Traversal:

BFS (Breadth-First Search): Uses Queue. Finds shortest path in unweighted graphs.
DFS (Depth-First Search): Uses Stack/Recursion. Detects cycles, topological sort.

Topological Sort: Linear ordering of vertices for DAGs (Directed Acyclic Graphs). (Kahn's algorithm, DFS-based).

Connected Components: Set of nodes where any two nodes are connected.

Strongly Connected Components (SCC): For directed graphs (Kosaraju's, Tarjan's).

Comparison Sorts:
- Bubble Sort: $O(n^2)$ worst, $O(n^2)$ avg.
- Selection Sort: $O(n^2)$ worst, $O(n^2)$ avg.
- Insertion Sort: $O(n^2)$ worst, $O(n)$ best. Good for nearly sorted.
- Merge Sort: $O(n \log n)$ worst, $O(n \log n)$ avg. Stable. $O(n)$ space. Divide & Conquer.
- Quick Sort: $O(n^2)$ worst, $O(n \log n)$ avg. In-place (avg). Divide & Conquer.
- Heap Sort: $O(n \log n)$ worst, $O(n \log n)$ avg. In-place.
Non-Comparison Sorts:
- Counting Sort: $O(n+k)$ for integers in range $[0, k]$. Stable.
- Radix Sort: $O(nk)$ for $n$ numbers with $k$ digits. Stable.
- Bucket Sort: $O(n^2)$ worst, $O(n+k)$ avg. (depends on distribution).

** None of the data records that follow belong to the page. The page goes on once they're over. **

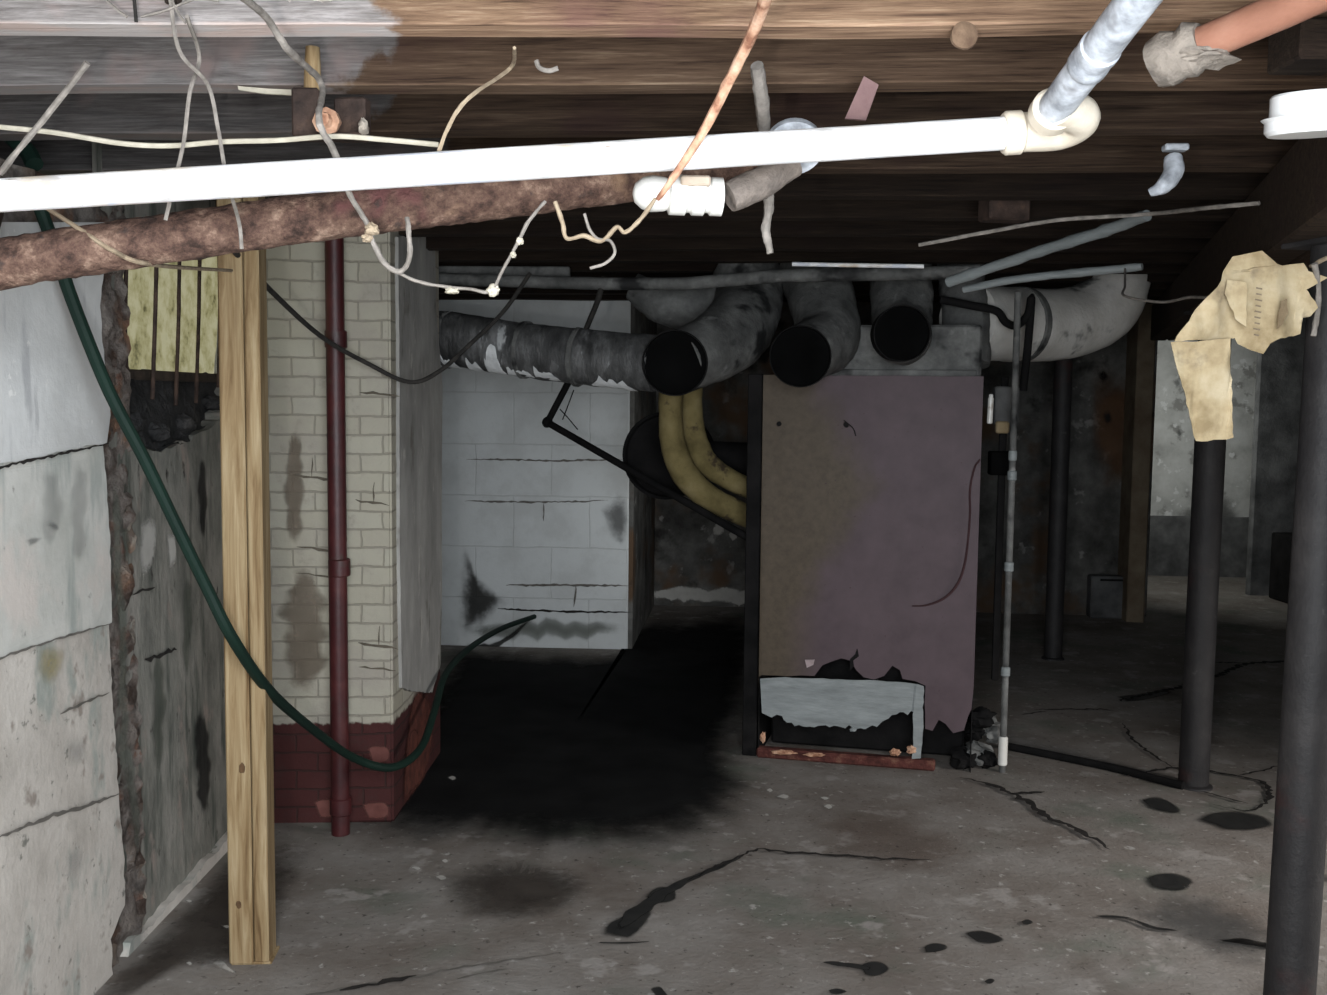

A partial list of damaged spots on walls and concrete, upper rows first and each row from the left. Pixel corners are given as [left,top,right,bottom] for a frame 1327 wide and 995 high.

crack [0,443,109,469]
crack [0,624,109,660]
crack [145,647,177,662]
crack [1214,660,1284,677]
crack [1026,684,1275,811]
crack [0,792,122,837]
crack [960,777,1109,849]
crack [687,848,929,881]
damp [459,867,573,914]

Linear Search: $O(n)$ worst.
Binary Search: $O(\log n)$ on sorted arrays.
Ternary Search: $O(\log_3 n)$ for unimodal functions.
Hashing: $O(1)$ average for search/insert/delete using hash tables. Worst case $O(n)$ (collisions).

Shortest Path:
- Dijkstra's Algorithm: Single source, non-negative weights. $O(E \log V)$ with min-priority queue.
- Bellman-Ford Algorithm: Single source, handles negative weights. Detects negative cycles. $O(VE)$.
- Floyd-Warshall Algorithm: All-pairs shortest path. $O(V^3)$.
Minimum Spanning Tree (MST):
- Prim's Algorithm: $O(E \log V)$ with min-priority queue.
- Kruskal's Algorithm: $O(E \log E)$ with Disjoint Set Union.
Cycle Detection: DFS for directed/undirected. BFS for undirected.
Bipartite Check: BFS/DFS with 2-coloring.
Flow Networks: Ford-Fulkerson, Edmonds-Karp.

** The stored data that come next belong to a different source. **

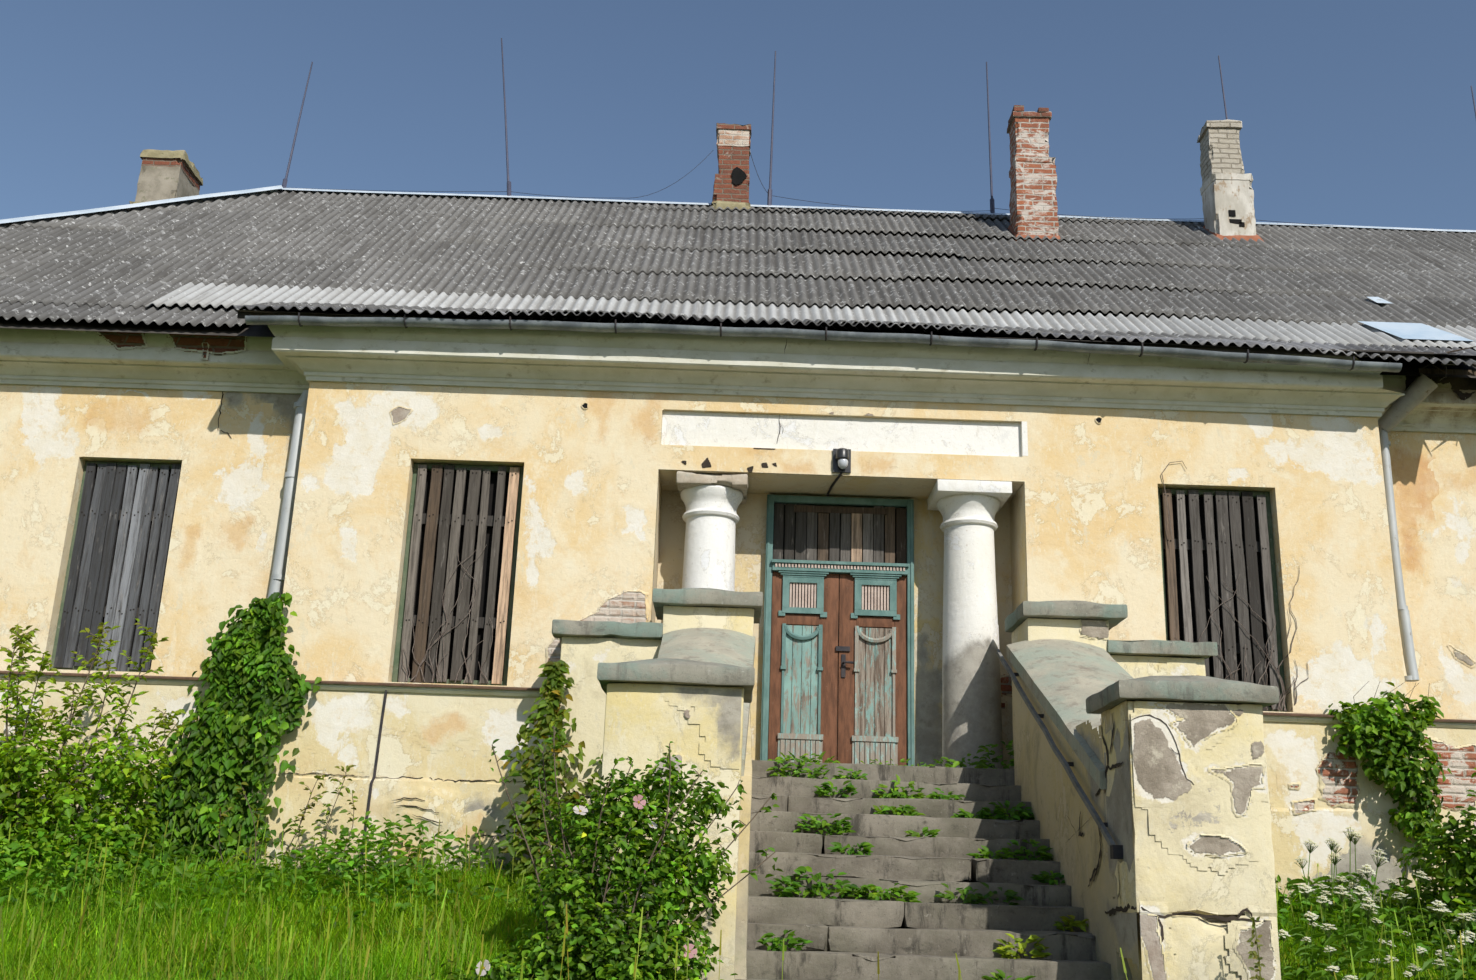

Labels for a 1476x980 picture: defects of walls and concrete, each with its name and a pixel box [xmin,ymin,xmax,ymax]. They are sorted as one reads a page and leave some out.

flaking render [73,330,149,350]
flaking render [167,334,247,361]
crack [217,392,232,439]
flaking render [545,589,651,687]
peeling [1419,631,1476,719]
peeling [1131,603,1408,885]
flaking render [1424,735,1476,812]
crack [1067,714,1268,942]

Recursion: Function calls itself. Base case and recursive step.
- Tail Recursion: Optimization possible.
Backtracking: Explores all potential solutions. If a path doesn't work, backtrack.
- Examples: N-Queens, Sudoku Solver, Permutations, Combinations, Subset Sum.
Master Theorem: Solves recurrences of form $T(n) = aT(n/b) + f(n)$.

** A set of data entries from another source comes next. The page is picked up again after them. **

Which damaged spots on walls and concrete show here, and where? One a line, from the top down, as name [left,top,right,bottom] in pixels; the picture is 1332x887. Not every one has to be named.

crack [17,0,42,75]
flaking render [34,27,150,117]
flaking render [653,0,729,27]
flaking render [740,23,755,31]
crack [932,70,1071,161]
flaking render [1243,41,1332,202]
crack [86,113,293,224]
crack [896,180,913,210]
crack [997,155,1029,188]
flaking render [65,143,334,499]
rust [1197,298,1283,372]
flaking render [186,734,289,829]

Principle: Overlapping subproblems and Optimal substructure.
Techniques:
- Memoization (Top-down): Store results of expensive function calls.
- Tabulation (Bottom-up): Fill a table iteratively.
Examples: Fibonacci, Longest Common Subsequence (LCS), Knapsack Problem, Coin Change, Edit Distance.